What is the profession of data science really about? How does one best become a data scientist or grow a career as one? What does the Data Science Central community think about these questions? (Please chime in!)
We’ve all read about the shortage of data scientists from McKinsey, heard about the salaries, and know about the volume of recruiter emails. As a practicing data scientist at Pivotal (a leading vendor in open source, big data platforms specifically used for data science), I was recently interviewed on careers in data science. Because it has been a popular topic on Data Science Central, I wanted to share some of this perspective and see what other practitioners thought.
What Is Data Science About? What Is The Heritage And Current Practice?

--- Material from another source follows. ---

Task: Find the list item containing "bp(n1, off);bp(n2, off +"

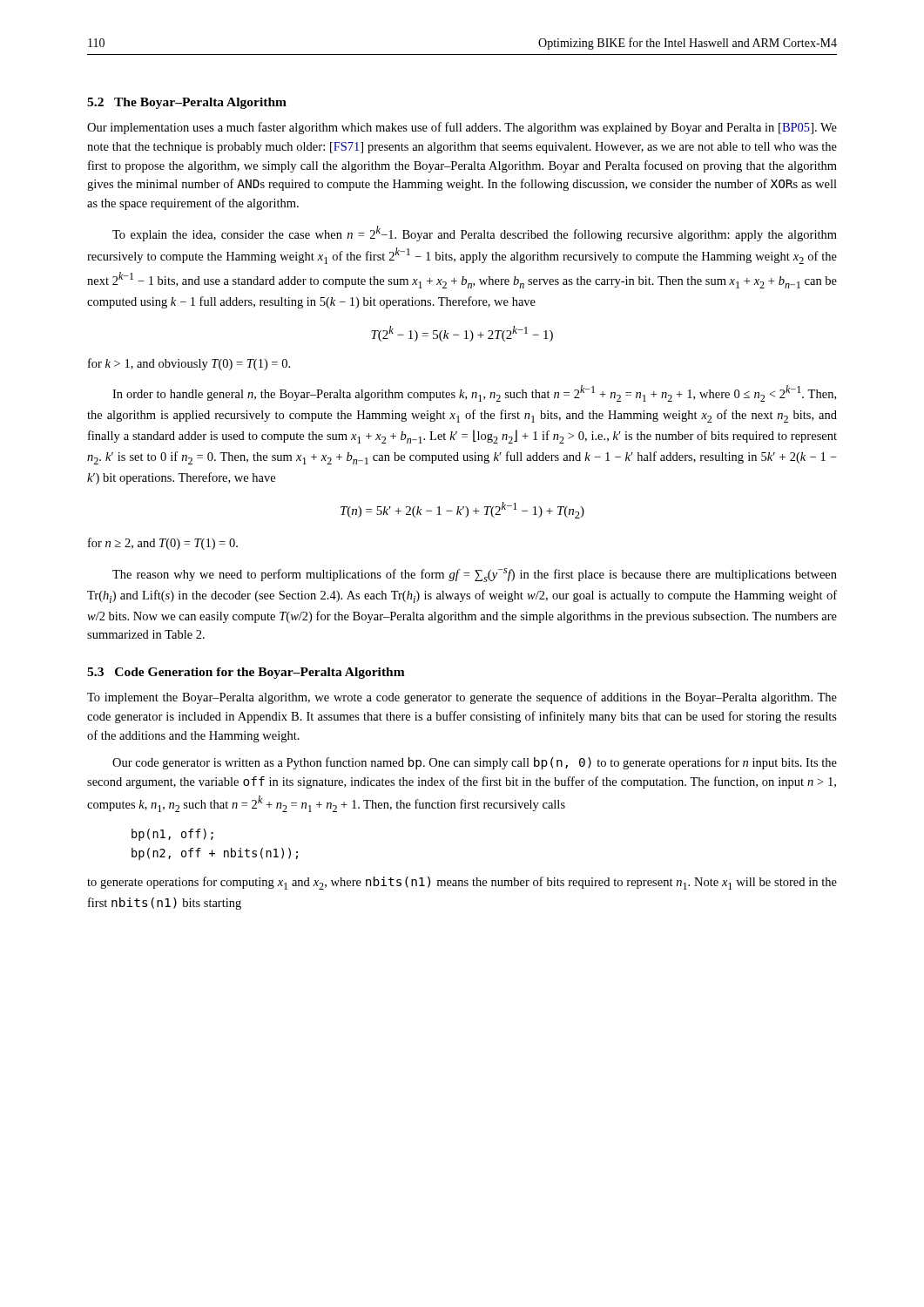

From my own historical perspective—looking back to high school algebra—no one told us math could predict and help prevent someone from going to the ER or even the ICU. Depending on when you graduated college, you may have heard about algorithmic trading or analyzing the human genome, but, until very recently, we certainly didn’t hear about sentiment analysis on social media or machine learning on sensor data. Now, anyone with internet has exposure to apps driven by data science on YouTube, Facebook, Twitter, and your phone—analytics are embedded in every part of our lives, personal and business.
Today, most of the people I know in data science enjoy blazing new trails with the latest technology and lots of data, solving problems that the world could never address before. Our data science practice at Pivotal isn’t about reports, basic analytics, or business intelligence on data sitting inside traditional enterprise apps like CRM, ERP, SCM, and anything that took a paper-based workflow and stuck it in a database. While the data science heritage is most closely related to statistics, data science is more exploratory—our team is in search of new discoveries and “eureka” moments.
We don’t know what is possible when we start work—we only have a compass, not a map. We start looking at ten terabytes of data from 20 different systems that no one has ever holistically looked at before. We let the data take us places and envision what is possible with it, challenging everything we find along the way. We only know the data can be used to uncover, interpret, and optimize things in new ways that create value. Then, we use math to create a new method to improve something. Outside of our tribe, people often need an example to really grasp the fact that we go beyond pie chart creation and forecasts roll-ups. We generate those stories for them, and importantly, based on a lot more information, we tell you how accurate they probably are and what they are likely to be in the future.